КРАСНОЯРСКАЯ МОЛИТВА

Свято-Успенский мужской монастырь под Красноярском поднимается из руин

Когда он был закрыт, по чьему приказу уничтожен, сейчас точно не знает никто. Известно лишь, что в 1924-м здесь уже не молились - на берегу реки открылся один из самых первых домов отдыха для советских трудящихся "Енисей". Тысячи отдыхающих, которые в течение полувека набирались в этих местах здоровья и хорошего настроения, вряд ли знали, что они буквально ходят по костям...
- Когда начали восстанавливать монастырь, - рассказывает инок Евлогий, -валили старые тополя, рыли траншеи, чтобы проложить трубы от котельной, и находили в земле человеческие кости. Видимо, здесь расстреливали монахов. Упокой, Господи, души усопших рабов твоих...
Мы шли по скрипучему снегу к высокому деревянному кресту. Его поставили этим летом на братской могиле. А рядом целая россыпь маленьких крестиков-отметин - в тех местах, где были найдены останки.
Люди приходят сюда помянуть невинно убиенных, помолиться, положить цветы. Многие идут к монастырю, чтобы хоть чем-то помочь, отдают послушникам одежду, обувь, приносят в дар иконы.
Обитатели монастыря отремонтировали храм и несколько келий. По выходным дням здесь проводят церковные службы - и крестят, и отпевают, и венчальный обряд справляют. Но в большинстве монастырских помещений - только голые кирпичные стены, окна по-прежнему зияют мертвыми глазницами, полы давно сгнили. Слишком много трудов надо положить, слишком мало сил на это имеется. Кроме отца Агапия и инока Евлогия, все остальные пока - люди временные, в любой момент, если мирская жизнь покажется слаще, могут уйти. И уходят. Однако и новые люди в монастыре появляются.

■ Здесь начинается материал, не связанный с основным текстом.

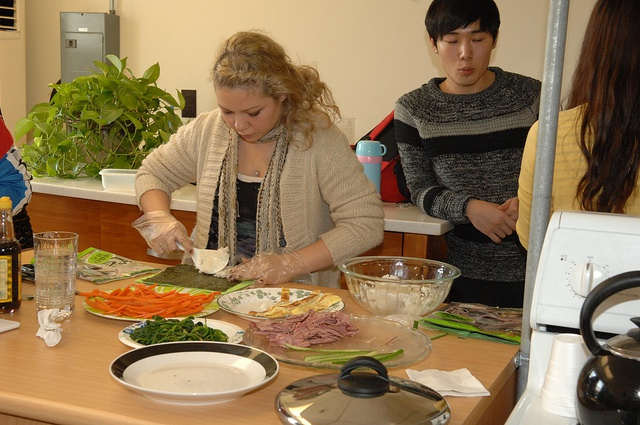Describe the objects in this image and their specific colors. I can see dining table in black, tan, gray, and olive tones, people in black, tan, gray, and maroon tones, people in black, maroon, gray, and brown tones, people in black, maroon, and tan tones, and potted plant in black and olive tones in this image. 
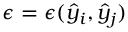<formula> <loc_0><loc_0><loc_500><loc_500>\epsilon = \epsilon ( \hat { y } _ { i } , \hat { y } _ { j } )</formula> 
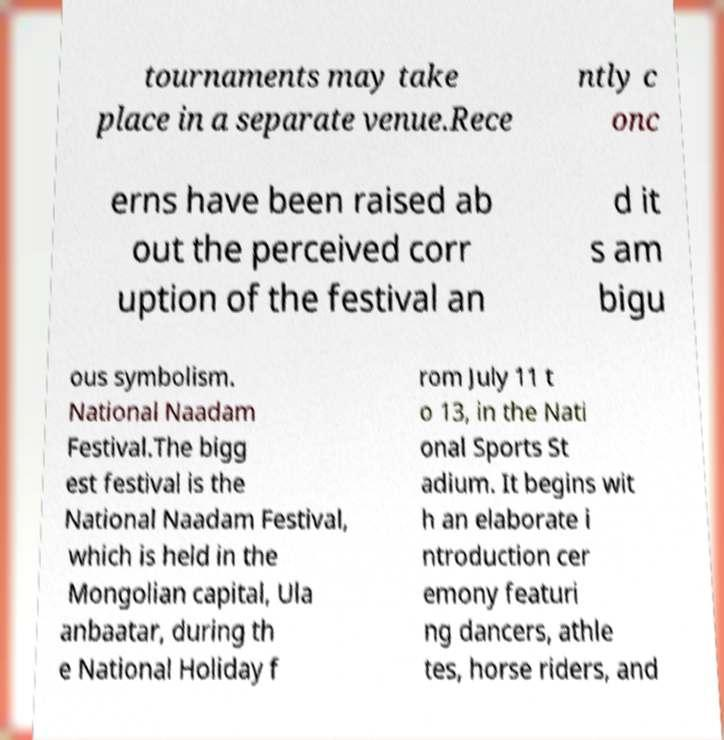For documentation purposes, I need the text within this image transcribed. Could you provide that? tournaments may take place in a separate venue.Rece ntly c onc erns have been raised ab out the perceived corr uption of the festival an d it s am bigu ous symbolism. National Naadam Festival.The bigg est festival is the National Naadam Festival, which is held in the Mongolian capital, Ula anbaatar, during th e National Holiday f rom July 11 t o 13, in the Nati onal Sports St adium. It begins wit h an elaborate i ntroduction cer emony featuri ng dancers, athle tes, horse riders, and 
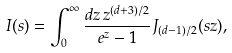<formula> <loc_0><loc_0><loc_500><loc_500>I ( s ) = \int _ { 0 } ^ { \infty } { \frac { d z \, z ^ { ( d + 3 ) / 2 } } { e ^ { z } - 1 } } J _ { ( d - 1 ) / 2 } ( s z ) ,</formula> 
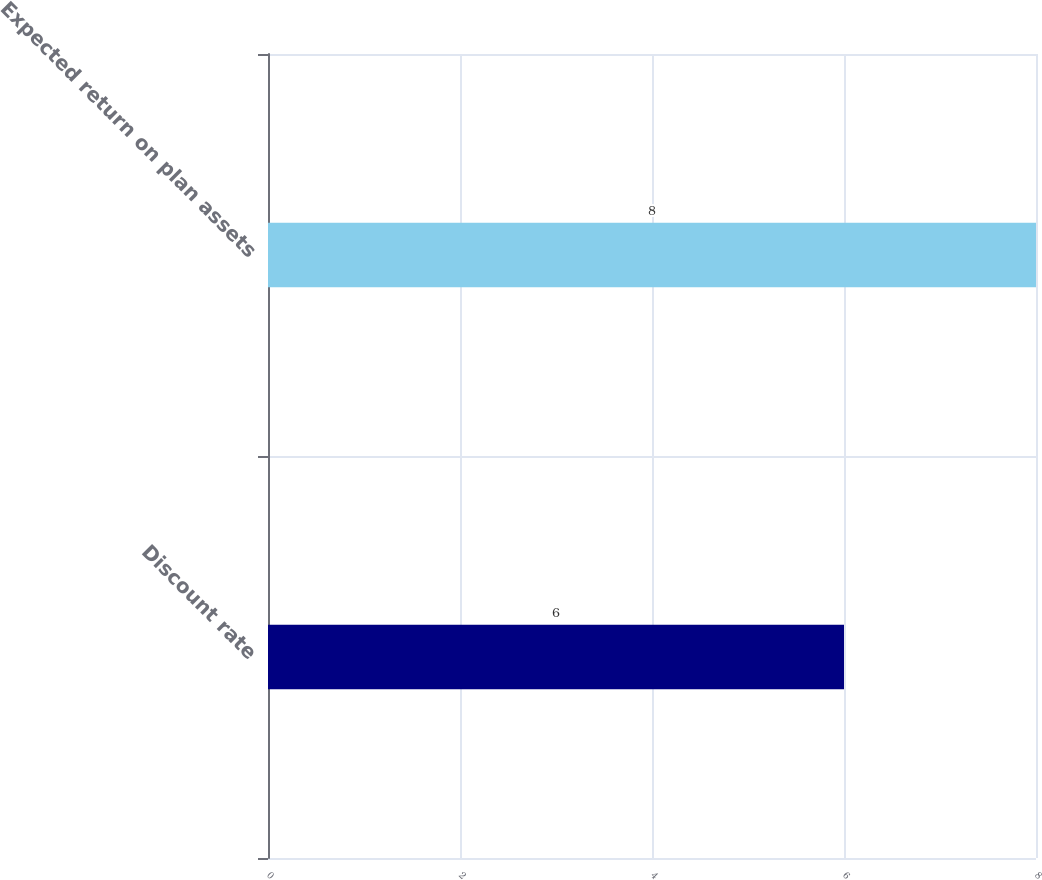Convert chart. <chart><loc_0><loc_0><loc_500><loc_500><bar_chart><fcel>Discount rate<fcel>Expected return on plan assets<nl><fcel>6<fcel>8<nl></chart>

...Десятилетний Иван Борзых весело махал топором - помогал строить забор. Он приехал сюда с родителями из Красноярска на время школьных каникул. Мама Нина в это время готовила обед в трапезной, а отец Сергей перестилал крышу. Монастырский батюшка Серафим (он же и настоятель Благовещенского храма в Красноярске) попросил прихожан о помощи.
- Мы приехали, - говорит Иван, - потому что это дело хорошее, богоугодное. Вот вырасту, поступлю в духовную семинарию. Мама приняла крещение, когда я еще не родился, ей тогда было 29 лет. И дала обет: если родится сын, отдаст его в священники...
Из трапезной кликнули обедать, и топоры, стучавшие беспрерывно, враз умолкли. Монастырский двор погрузился в тишину и покой. Может, и души расстрелянных монахов, лежащих в этой земле, тоже успокоятся наконец?